Del otro lado, Independiente Santa Fe jugó con paciencia. Se plantó en el Monumental dispuesto a resistir, esperar y aprovechar cualquier error del conjunto argentino. Y River, como viene ocurriendo en varios partidos, convivió con esa sensación de fragilidad que aparece incluso cuando parece tener el control.
El primer tiempo se fue sin goles y dejó una mezcla de ansiedad y preocupación entre los hinchas, que acompañaron al equipo durante los 45 minutos iniciales, pero comenzaron a sentir el peso de otra noche que se complicaba.
El desahogo de Driussi y un golpe que volvió a cambiarlo todo
El alivio llegó apenas comenzó el segundo tiempo. Montiel apareció por la derecha y lanzó un centro preciso al área. Sebastián Driussi anticipó y empujó la pelota al fondo de la red para marcar el 1-0.
El Monumental explotó. Fue un grito de desahogo, alivio y esperanza. River había conseguido finalmente romper el cero y parecía encontrar el camino hacia los cuartos de final. Pero la tranquilidad duró poco.
El cierre del partido volvió a mostrar las dudas de un equipo incapaz de sostener una ventaja. Primero apareció Santiago Beltrán con una intervención decisiva que evitó el empate.

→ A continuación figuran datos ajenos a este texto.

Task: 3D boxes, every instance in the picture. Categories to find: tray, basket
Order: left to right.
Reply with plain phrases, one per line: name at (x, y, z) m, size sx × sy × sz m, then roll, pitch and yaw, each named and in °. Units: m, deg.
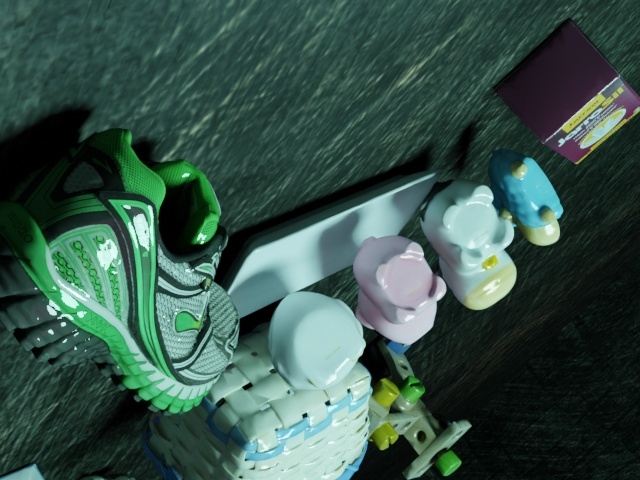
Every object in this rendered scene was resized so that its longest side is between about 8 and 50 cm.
basket at (-0.070, 0.230, 1.275) m, size 0.254 × 0.201 × 0.289 m, roll -22°, pitch 140°, yaw -38°
tray at (0.000, 0.000, 1.140) m, size 0.270 × 0.030 × 0.145 m, roll -24°, pitch 159°, yaw -39°

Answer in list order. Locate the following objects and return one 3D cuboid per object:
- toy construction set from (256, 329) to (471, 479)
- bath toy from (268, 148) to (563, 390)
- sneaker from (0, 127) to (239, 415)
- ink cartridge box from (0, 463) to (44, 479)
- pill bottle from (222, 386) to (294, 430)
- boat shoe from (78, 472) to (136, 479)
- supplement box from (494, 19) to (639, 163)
toy construction set at (0.072, 0.279, 1.658) m, size 0.308 × 0.237 × 0.257 m, roll -37°, pitch 163°, yaw -2°
bath toy at (0.090, 0.040, 1.178) m, size 0.348 × 0.151 × 0.129 m, roll -32°, pitch -163°, yaw -17°
sneaker at (-0.114, 0.029, 0.806) m, size 0.146 × 0.134 × 0.343 m, roll -38°, pitch 163°, yaw 0°
ink cartridge box at (-0.335, 0.334, 1.206) m, size 0.061 × 0.104 × 0.181 m, roll -18°, pitch 155°, yaw -46°
pill bottle at (-0.072, 0.226, 1.521) m, size 0.120 × 0.067 × 0.067 m, roll -15°, pitch 152°, yaw -52°
boat shoe at (-0.307, 0.374, 1.407) m, size 0.228 × 0.081 × 0.068 m, roll -49°, pitch 156°, yaw 26°
supplement box at (0.270, -0.153, 1.197) m, size 0.104 × 0.081 × 0.188 m, roll -42°, pitch 162°, yaw 16°

Sin embargo, poco después llegó una mano de Martínez Quarta dentro del área, el árbitro sancionó penal y Fagúndez no perdonó. Con apenas diez minutos por jugar, la serie volvió a quedar igualada.
River intentó reaccionar, pero no encontró el camino. La tensión fue creciendo y el tiempo se consumió hasta que la clasificación quedó en manos de los penales.

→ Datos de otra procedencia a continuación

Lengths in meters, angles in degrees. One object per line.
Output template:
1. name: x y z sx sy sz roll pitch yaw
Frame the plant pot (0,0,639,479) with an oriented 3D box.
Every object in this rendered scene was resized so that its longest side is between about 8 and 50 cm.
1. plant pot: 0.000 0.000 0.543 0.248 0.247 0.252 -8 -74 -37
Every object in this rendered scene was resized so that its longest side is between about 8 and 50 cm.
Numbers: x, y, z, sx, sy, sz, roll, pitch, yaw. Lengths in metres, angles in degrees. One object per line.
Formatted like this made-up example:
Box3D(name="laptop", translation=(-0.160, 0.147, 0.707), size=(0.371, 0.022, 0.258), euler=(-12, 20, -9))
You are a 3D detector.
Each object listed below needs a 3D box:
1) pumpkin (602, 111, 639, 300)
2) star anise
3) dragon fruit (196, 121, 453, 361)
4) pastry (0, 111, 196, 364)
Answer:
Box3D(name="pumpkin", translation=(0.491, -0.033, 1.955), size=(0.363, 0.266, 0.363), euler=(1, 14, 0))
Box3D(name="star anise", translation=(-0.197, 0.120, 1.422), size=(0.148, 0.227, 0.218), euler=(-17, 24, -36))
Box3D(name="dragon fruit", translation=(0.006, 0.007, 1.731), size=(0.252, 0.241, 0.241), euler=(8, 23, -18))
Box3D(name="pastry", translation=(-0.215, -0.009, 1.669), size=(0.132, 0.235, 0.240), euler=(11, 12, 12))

Beltrán fue héroe, pero no alcanzó
La definición desde los doce pasos fue interminable y dramática. Santiago Beltrán se convirtió rápidamente en una de las figuras de la noche al atajar tres penales. Cada intervención parecía acercar a River a la clasificación. Pero el equipo no logró aprovechar esas oportunidades.
Las fallas de Rafael Borré, Lucas Martínez Quarta y del propio Beltrán, sumadas a la efectividad de los futbolistas colombianos, terminaron inclinando la balanza.
El resultado final fue 8-7 para Independiente Santa Fe, que celebró una clasificación histórica en el Monumental y dejó a River sumido en una nueva decepción.
Una eliminación que profundiza las dudas
La caída llega en uno de los momentos más delicados de River. El equipo venía de desperdiciar una ventaja de dos goles ante Vélez para terminar empatando 2-2 y ahora sufrió un nuevo golpe en su principal objetivo internacional.
La eliminación de la Copa Sudamericana deja al conjunto de Coudet sin margen para seguir acumulando frustraciones.
El Monumental, que durante gran parte de la noche empujó y sostuvo al equipo, terminó siendo escenario de una despedida dolorosa.
River tuvo la clasificación en sus manos. Incluso contó con un arquero que atajó tres penales en la tanda. Pero ni siquiera eso fue suficiente.
Otra noche, otra ventaja desperdiciada y otra frustración. Independiente Santa Fe festejó en Núñez y River volvió a quedar atrapado en su propia inercia negativa.